Among the lines of the records, please find those that contain the word "Haydnlaan" and copy them.

Data for analysis:

::::::::::

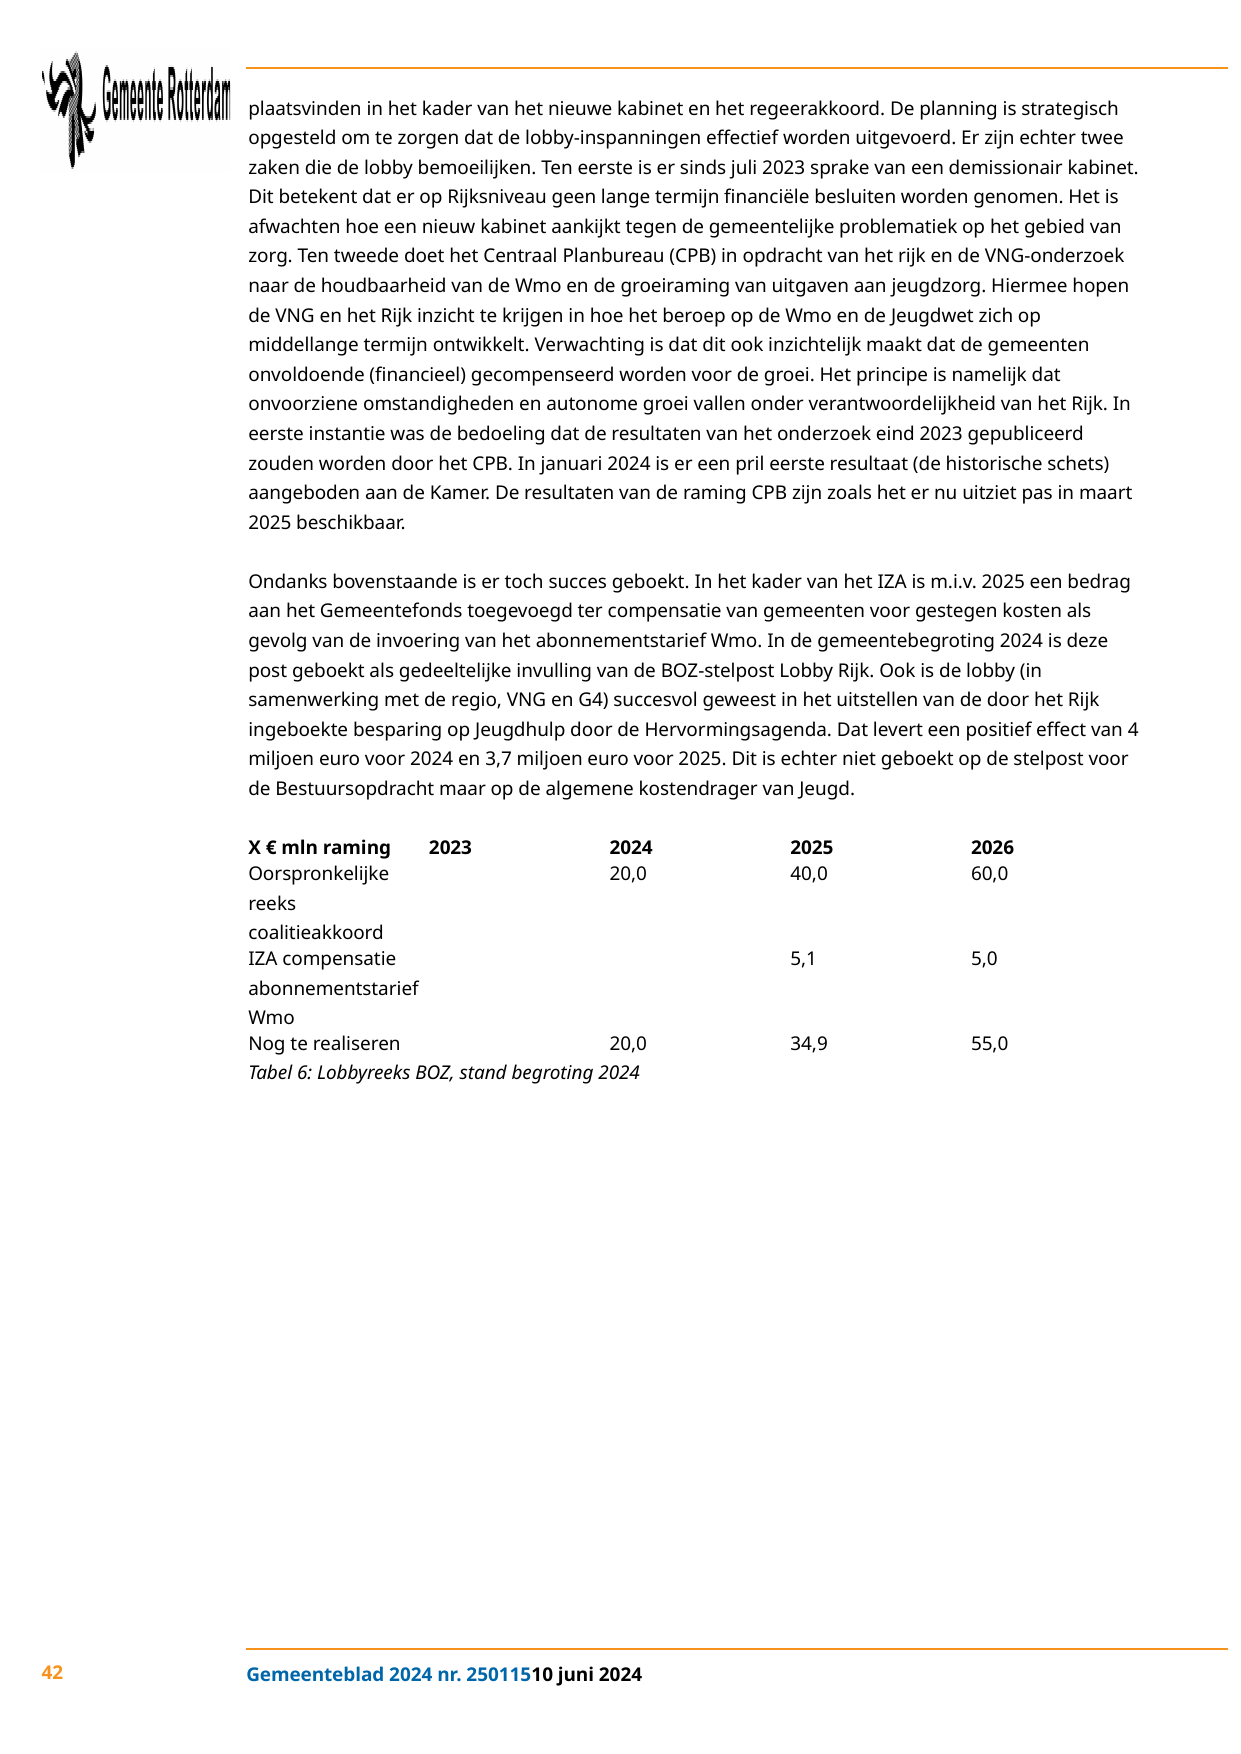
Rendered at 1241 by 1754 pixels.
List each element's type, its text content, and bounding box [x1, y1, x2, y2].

table_cell [609, 945, 790, 1030]
table_header X € mln raming [248, 835, 429, 860]
table_header 2025 [790, 835, 971, 860]
table_cell [429, 1030, 609, 1056]
table_cell 34,9 [790, 1030, 971, 1056]
table_cell 20,0 [609, 860, 790, 945]
table_cell Oorspronkelijke reeks coalitieakkoord [248, 860, 429, 945]
picture [41, 47, 231, 172]
table_header 2024 [609, 835, 790, 860]
table_cell 5,1 [790, 945, 971, 1030]
table_cell [429, 945, 609, 1030]
text plaatsvinden in het kader van het nieuwe kabinet en het regeerakkoord. De planning is strategisch opgesteld om te zorgen dat de lobby-inspanningen effectief worden uitgevoerd. Er zijn echter twee zaken die de lobby bemoeilijken. Ten eerste is er sinds juli 2023 sprake van een demissionair kabinet. Dit betekent dat er op Rijksniveau geen lange termijn financiële besluiten worden genomen. Het is afwachten hoe een nieuw kabinet aankijkt tegen de gemeentelijke problematiek op het gebied van zorg. Ten tweede doet het Centraal Planbureau (CPB) in opdracht van het rijk en de VNG-onderzoek naar de houdbaarheid van de Wmo en de groeiraming van uitgaven aan jeugdzorg. Hiermee hopen de VNG en het Rijk inzicht te krijgen in hoe het beroep op de Wmo en de Jeugdwet zich op middellange termijn ontwikkelt. Verwachting is dat dit ook inzichtelijk maakt dat de gemeenten onvoldoende (financieel) gecompenseerd worden voor de groei. Het principe is namelijk dat onvoorziene omstandigheden en autonome groei vallen onder verantwoordelijkheid van het Rijk. In eerste instantie was de bedoeling dat de resultaten van het onderzoek eind 2023 gepubliceerd zouden worden door het CPB. In januari 2024 is er een pril eerste resultaat (de historische schets) aangeboden aan de Kamer. De resultaten van de raming CPB zijn zoals het er nu uitziet pas in maart 2025 beschikbaar. [248, 95, 1152, 535]
table_cell Nog te realiseren [248, 1030, 429, 1056]
table_cell 20,0 [609, 1030, 790, 1056]
table_cell 60,0 [971, 860, 1152, 945]
table_cell IZA compensatie abonnementstarief Wmo [248, 945, 429, 1030]
table_header 2023 [429, 835, 609, 860]
table_header 2026 [971, 835, 1152, 860]
text Ondanks bovenstaande is er toch succes geboekt. In het kader van het IZA is m.i.v. 2025 een bedrag aan het Gemeentefonds toegevoegd ter compensatie van gemeenten voor gestegen kosten als gevolg van de invoering van het abonnementstarief Wmo. In de gemeentebegroting 2024 is deze post geboekt als gedeeltelijke invulling van de BOZ-stelpost Lobby Rijk. Ook is de lobby (in samenwerking met de regio, VNG en G4) succesvol geweest in het uitstellen van de door het Rijk ingeboekte besparing op Jeugdhulp door de Hervormingsagenda. Dat levert een positief effect van 4 miljoen euro voor 2024 en 3,7 miljoen euro voor 2025. Dit is echter niet geboekt op de stelpost voor de Bestuursopdracht maar op de algemene kostendrager van Jeugd. [248, 568, 1152, 801]
text Tabel 6: Lobbyreeks BOZ, stand begroting 2024 [248, 1059, 1152, 1085]
table_cell [429, 860, 609, 945]
table_cell 40,0 [790, 860, 971, 945]
table_cell 55,0 [971, 1030, 1152, 1056]
table_cell 5,0 [971, 945, 1152, 1030]
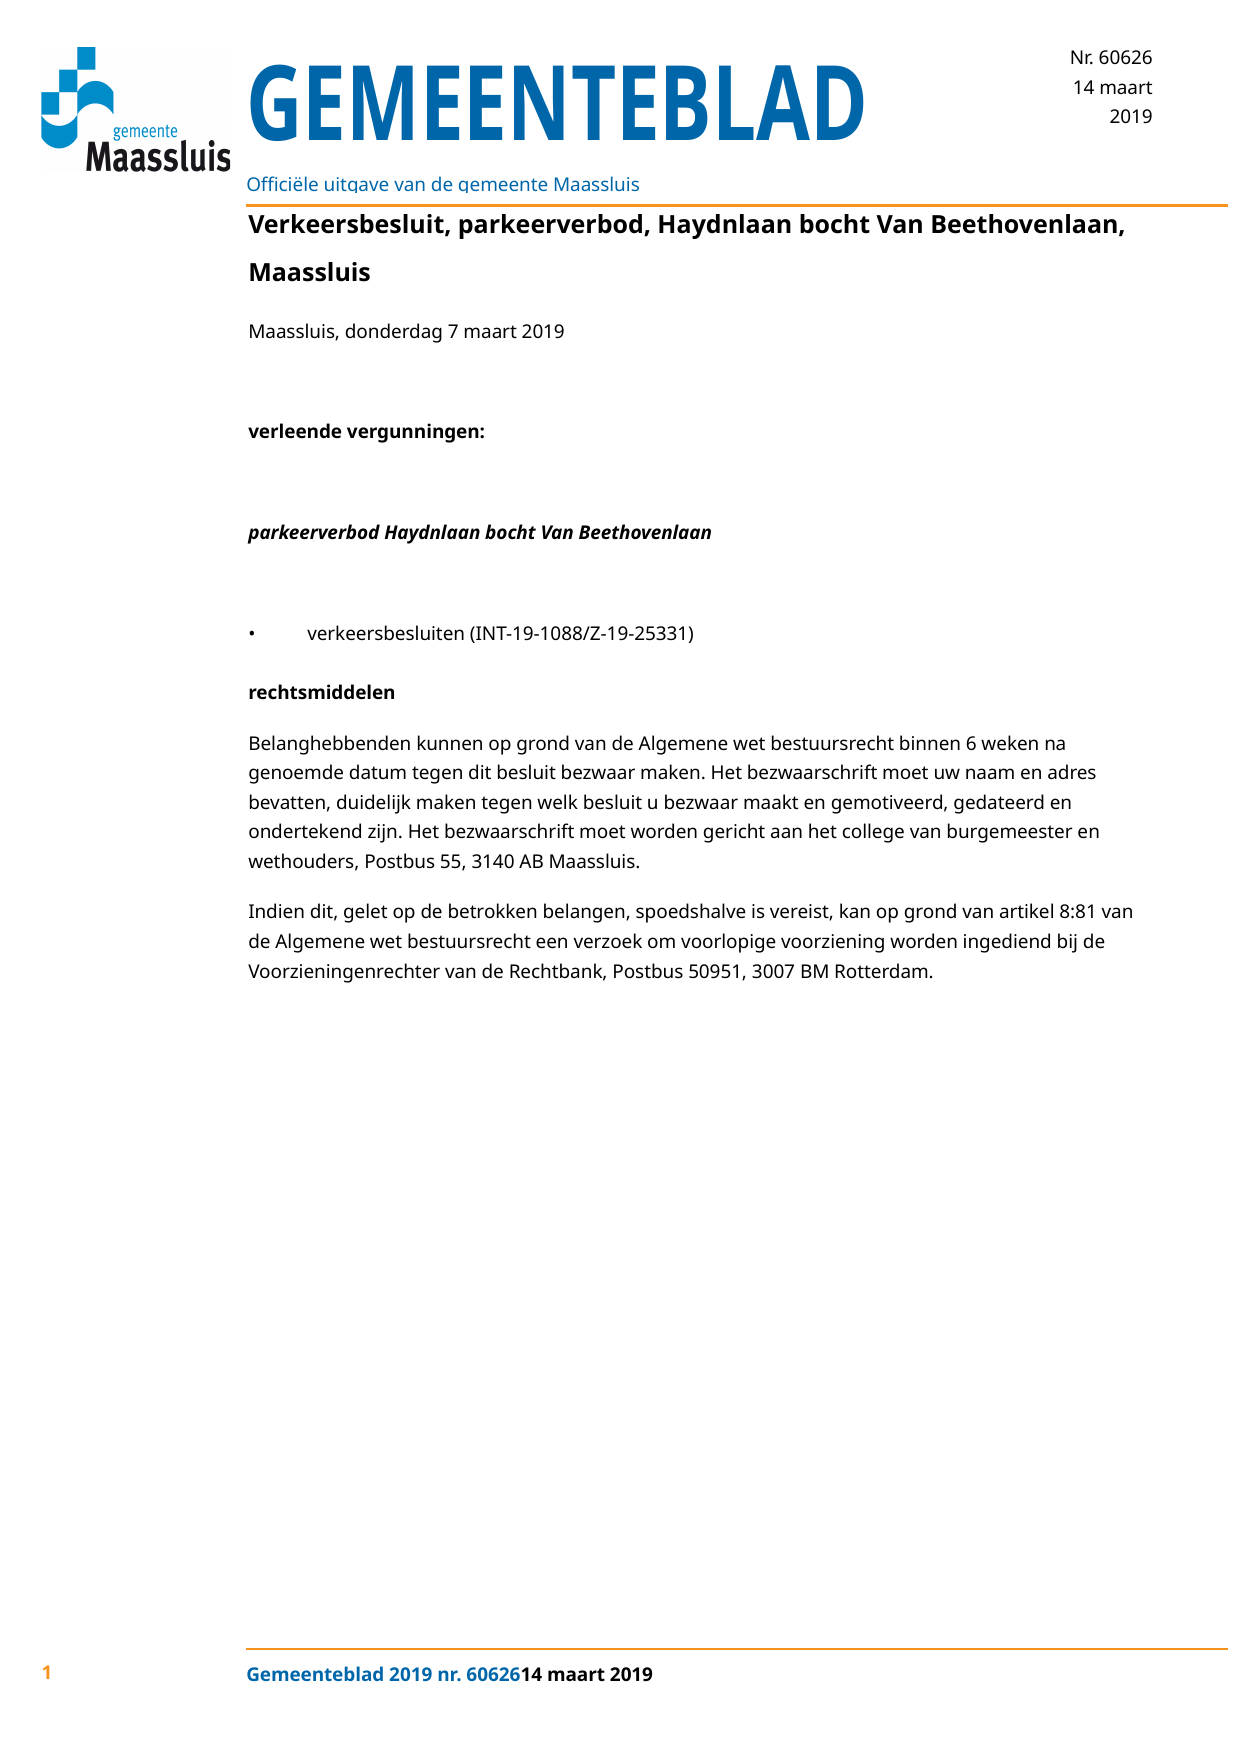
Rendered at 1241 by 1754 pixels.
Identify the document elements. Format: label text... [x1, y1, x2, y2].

picture [41, 47, 77, 92]
text rechtsmiddelen [248, 679, 1152, 705]
text Belanghebbenden kunnen op grond van de Algemene wet bestuursrecht binnen 6 weken na genoemde datum tegen dit besluit bezwaar maken. Het bezwaarschrift moet uw naam en adres bevatten, duidelijk maken tegen welk besluit u bezwaar maakt en gemotiveerd, gedateerd en ondertekend zijn. Het bezwaarschrift moet worden gericht aan het college van burgemeester en wethouders, Postbus 55, 3140 AB Maassluis. [248, 730, 1152, 874]
list verkeersbesluiten (INT-19-1088/Z-19-25331) [248, 620, 1152, 646]
text Verkeersbesluit, parkeerverbod, Haydnlaan bocht Van Beethovenlaan, Maassluis [248, 207, 1152, 288]
picture [41, 47, 231, 172]
text Indien dit, gelet op de betrokken belangen, spoedshalve is vereist, kan op grond van artikel 8:81 van de Algemene wet bestuursrecht een verzoek om voorlopige voorziening worden ingediend bij de Voorzieningenrechter van de Rechtbank, Postbus 50951, 3007 BM Rotterdam. [248, 899, 1152, 984]
text verleende vergunningen: [248, 419, 1152, 444]
text parkeerverbod Haydnlaan bocht Van Beethovenlaan [248, 519, 1152, 545]
text Maassluis, donderdag 7 maart 2019 [248, 318, 1152, 344]

::::::::::

Output below:
text Verkeersbesluit, parkeerverbod, Haydnlaan bocht Van Beethovenlaan, Maassluis [248, 207, 1152, 288]
text parkeerverbod Haydnlaan bocht Van Beethovenlaan [248, 519, 1152, 545]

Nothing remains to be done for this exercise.